In Focus

Definitive diverticular hemorrhage: Diagnosis and management


Outcomes following endoscopic treatment

Following endoscopic treatment, patients should be monitored for early and late rebleeding. In a pooled analysis of case series composed of 847 patients with TIC bleeding, among the 137 patients in which endoscopic hemostasis was initially achieved, early rebleeding occurred in 8% and late rebleeding occurred in 12% of patients.22 Risk factors for TIC rebleeding within 30 days were residual arterial blood flow following hemostasis and early reinitiation of antiplatelet agents.

Remote treatment of TIC hemorrhage distant from the SRH is a significant risk factor for early TIC rebleeding.4, 10 For example, using hemoclips to close the mouth of a TIC when active bleeding or an SRH is located in the TIC base often fails because arterial flow remains open in the base and the artery is larger there.4,10 This example highlights the importance of focal obliteration of arterial blood flow underlying SRH in order to achieve definitive hemostasis.4,10

Salvage treatments

For TIC hemorrhage that is not controlled by endoscopic therapy, transcatheter arterial embolization (TAE) is recommended. If bleeding rate is high enough (at least 0.5 milliliters per minute) to be detected by angiography, TAE can serve as an effective method of diagnosis and immediate hemostasis.23 However, the most common major complication of embolization is intestinal ischemia. The incidence of intestinal ischemia has been reported as high as 10%, with highest risk with embolization of at least three vasa recta.24

Surgery is also recommended if TIC hemorrhage cannot be controlled with endoscopic therapy or TAE. Segmental colectomy is recommended if the bleeding site can be localized before surgery with colonoscopy or angiography resulting from significantly lower perioperative morbidity than subtotal colectomy.25 However, subtotal colectomy may be necessary if preoperative localization of bleeding is unsuccessful.

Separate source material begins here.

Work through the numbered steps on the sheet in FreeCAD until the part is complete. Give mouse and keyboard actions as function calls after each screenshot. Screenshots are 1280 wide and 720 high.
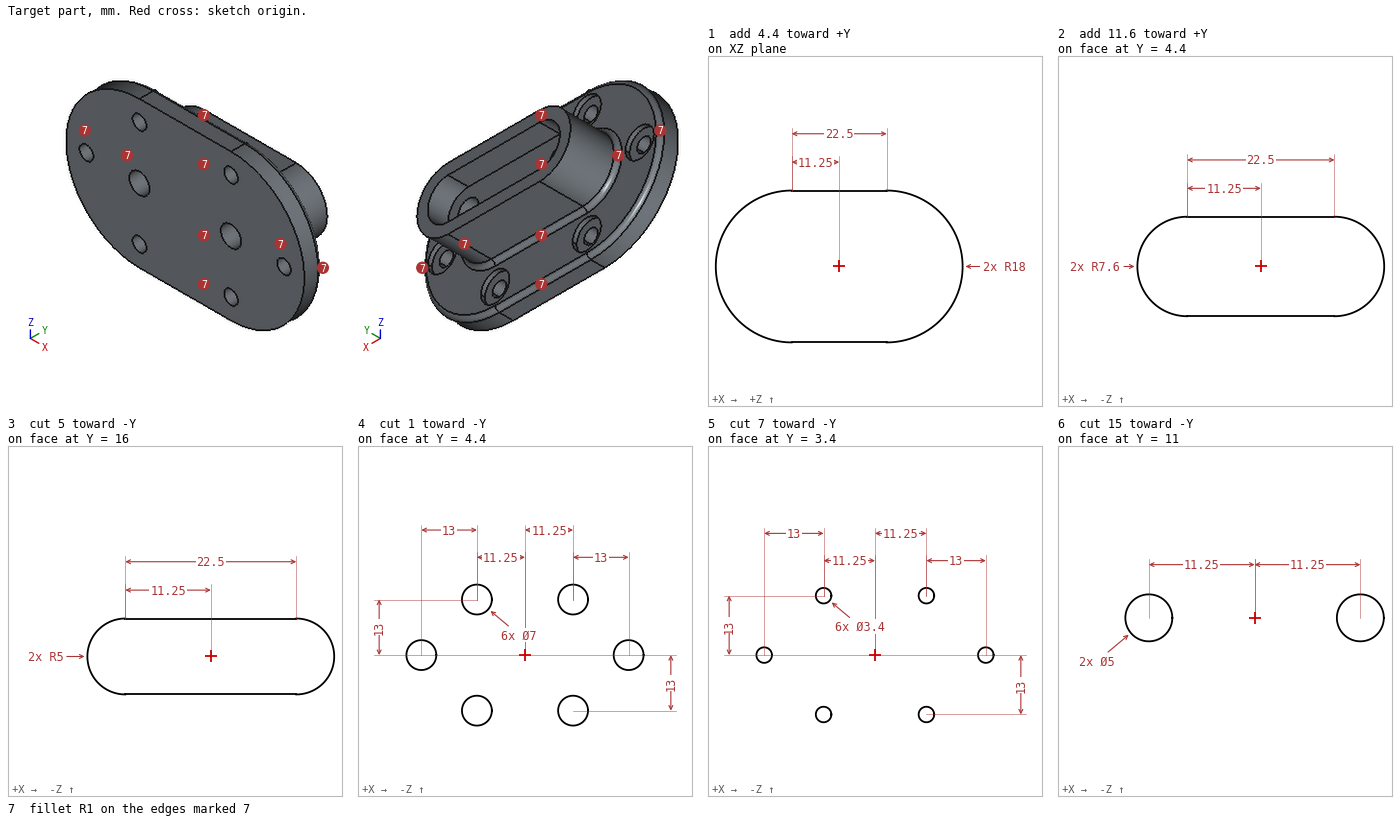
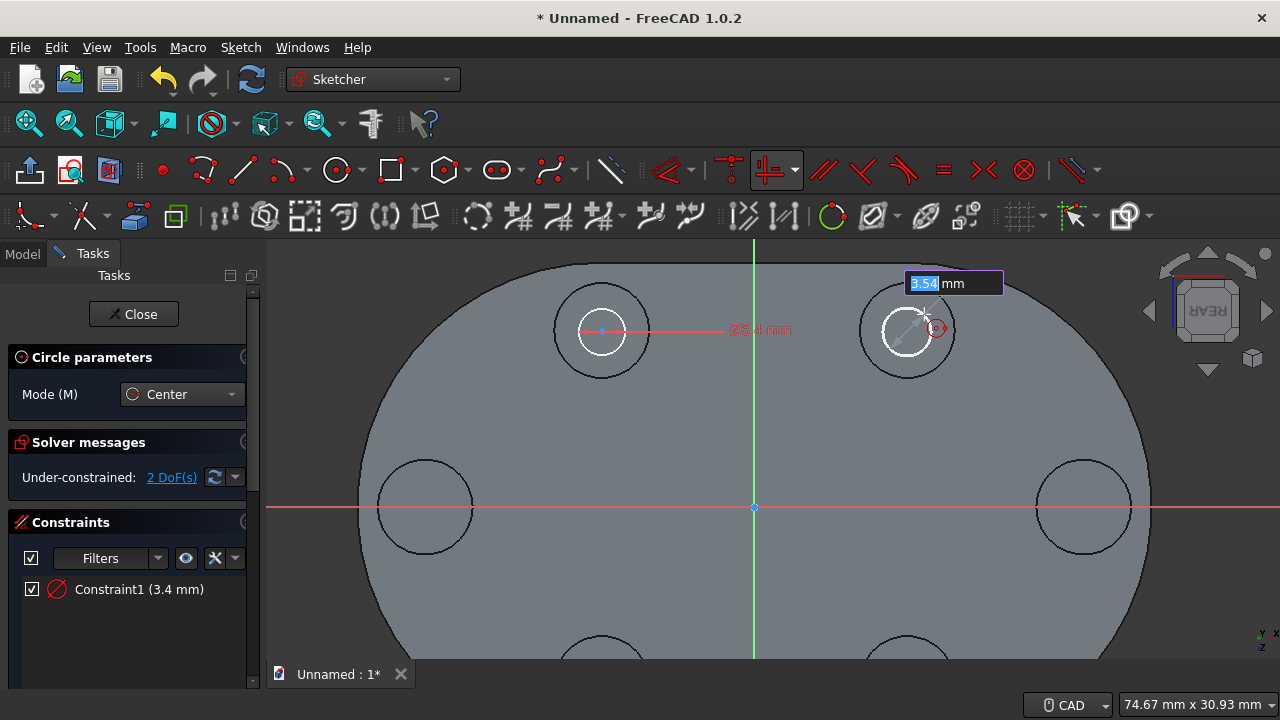
text(3.4)
key(Return)

There are very few reports of short- or long-term results that compare endoscopy, TAE, and surgery for management of TIC bleeding. However, a recent retrospective study reported better outcomes with endoscopic treatment of definitive TIC bleeding.26 Patients who underwent endoscopic treatment had fewer RBC transfusions, shorter hospitalizations, and lower rates of postprocedure complications.

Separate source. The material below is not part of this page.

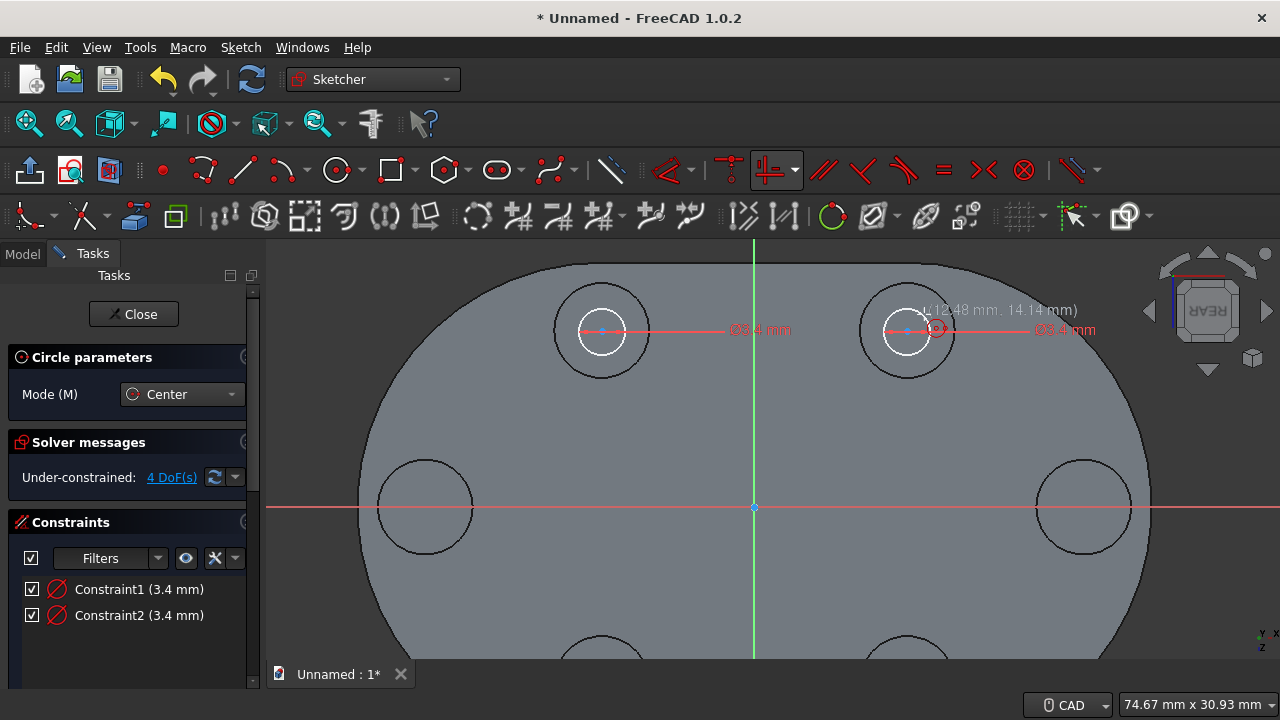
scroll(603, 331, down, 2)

Management after cessation of hemorrhage

Medical management is important following an episode of TIC hemorrhage. A mainstay is daily fiber supplementation every morning and stool softener in the evening. Furthermore, patients are advised to drink an extra liter of fluids (not containing alcohol or caffeine) daily. By reducing colon transit time and increasing stool weight, these measures can help control constipation and prevent future complications of TIC disease.27

Patients with recurrent TIC hemorrhage should undergo evaluation for elective surgery, provided they are appropriate surgical candidates. If preoperative localization of bleeding site is successful, segmental colectomy is preferred. Segmental resection is associated with significantly decreased rebleeding rate, with lower rates of morbidity compared with subtotal colectomy.32

Chronic NSAIDs, aspirin, and antiplatelet drugs are risk factors for recurrent TIC hemorrhage, and avoiding these medications is recommended if possible.33,34 Although anticoagulants have shown to be associated with increased risk of all-cause gastrointestinal bleeding, these agents have not been shown to increase risk of recurrent TIC hemorrhage in recent large retrospective studies. Since antiplatelet and anticoagulation agents serve to reduce risk of thromboembolic events, the clinician who recommended these medications should be consulted after a TIC bleed to re-evaluate whether these medications can be discontinued or reduced in dose.